To prevent further dumping, farming groups are
trying everything to find places to send the excess milk — even lobbying
pizza chains to increase the amount of cheese on every slice.
But
there are logistical obstacles that prevent dairy products from being
shifted neatly from food service customers to retailers.
At many
dairy processors, for example, the machinery is designed to package
shredded cheese in large bags for restaurants or place milk in small
cartons for schools, rather than arrange the products in retail-friendly
containers.
To repurpose those plants to put cheese in the 8 oz.

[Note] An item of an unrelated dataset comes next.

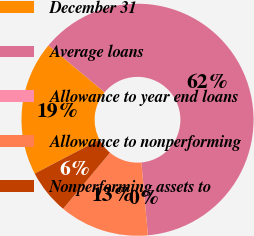<chart> <loc_0><loc_0><loc_500><loc_500><pie_chart><fcel>December 31<fcel>Average loans<fcel>Allowance to year end loans<fcel>Allowance to nonperforming<fcel>Nonperforming assets to<nl><fcel>18.75%<fcel>62.49%<fcel>0.0%<fcel>12.5%<fcel>6.25%<nl></chart>

bags that sell in grocery stores or bottle milk in gallon jugs would
require millions of dollars in investment. For now, some processors have
concluded that spending the money isn’t worth it.
“It isn’t like
restaurant demand has disappeared forever,” said Matt Gould, a dairy
industry analyst. “Even if it were possible to re-format to make it an
8-ounce package rather than a 20-pound bag, the dollars and cents may
not pan out.”
Those same logistical challenges are bedeviling
poultry plants that were set up to distribute chicken to restaurants
rather than stores. Each week, the chicken processor Sanderson Farms
destroys 750,000 unhatched eggs, or 5.5% of its total production,
sending them to a rendering plant to be turned into pet food.
Last
week, the chief executive of Sanderson Farms, Joe Sanderson, told
analysts that company officials had even considered euthanizing chickens
to avoid selling them at unprofitable rates, though the company
ultimately did not take that step.
In recent days, Sanderson
Farms has donated some of its chicken to food banks and organizations
that cook meals for emergency medical workers. But hatching hundreds of
thousands of eggs for the purpose of charity is not a viable option,
said Mike Cockrell, the company’s chief financial officer.
“We’re set up to sell that chicken,” Cockrell said. “That would be an expensive proposition.”